本研究先運用傳統線性規劃法求工業電腦產業綠色材料在達到產能及利潤之理想解後,再利用可變空間規劃法突破柏拉圖前緣之限制,進而得到產能及利潤渴望解。對於本研究的結果在將來可作為工業電腦在綠色供應鏈中產能及利潤規劃之基礎。
According to the advancement of electronic technology and the rapid development and changes of the industry, people's dependence on technology products has also increased. In recent years, due to the high degree of industrial development, the relative climate anomalies, environmental damage, and human living environment have reached The extent of serious impact; as the harmful substances produced in production have caused serious pollution in the environment, people are paying more and more attention to environmental protection. The introduction of green materials and green supply-chains has become an imperative trend in the current electronics industry.
When green materials and green supply-chains are introduced into the electronics industry, procurement has a significant impact on the environmental management performance of the entire green materials and supply-chain when it comes to supply-chain management.
The procurement department's requirements for supply-chain materials and reverse logistics green standards and indicators will help promote the active research and development of the reverse material supply-chain and the application of green technologies, the adoption of environmentally friendly energy-saving processes, and the creation of safe and non-toxic workplaces; in order to improve the environmental awareness of suppliers, improve environmental management, and improve environmental standards.
Due to the price of traditional materials, because the cost of the life cycle and the impact on the social environment does not need to be considered; the cost is lower than that of green materials. However, in addition to the cost increase, the application of green materials will increase the adverse rate generated during production. The cost of logistics materials is relatively high, especially in the industrial electronics industry, where the characteristics are customized and diversified. How can a company make production capacity and profit at the same time in a variety of industrial characteristics, so that it can optimize production efficiency and profit and achieve more with less effort in the whole green supply-chain.

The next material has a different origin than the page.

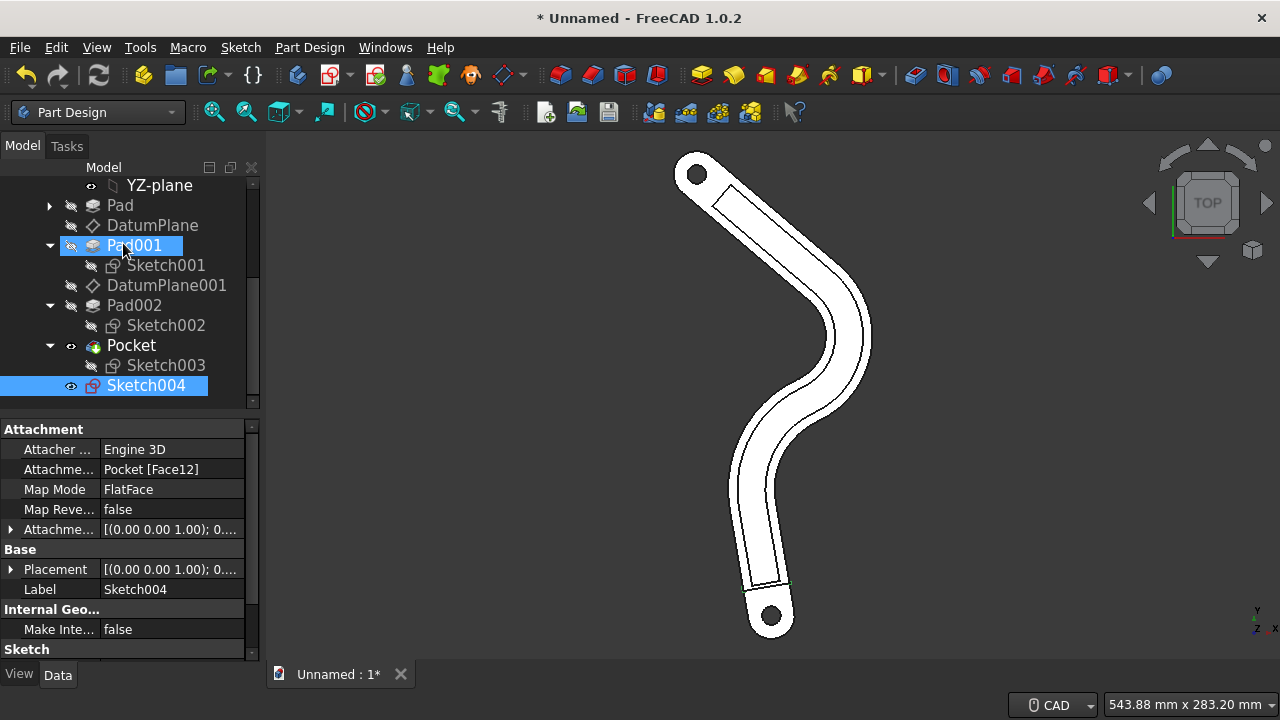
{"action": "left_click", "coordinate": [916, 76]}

This study first uses the traditional linear programming method to find the ideal point for the production capacity and profit of the green materials of the industrial computer industry, and then use the changeable space programming to break through the limits of Pareto optimal solution and then obtain produce capacity and profit aspires level. The results of this study will be used as the basis for industrial computer capacity, and profit planning in the green supply-chain in the future.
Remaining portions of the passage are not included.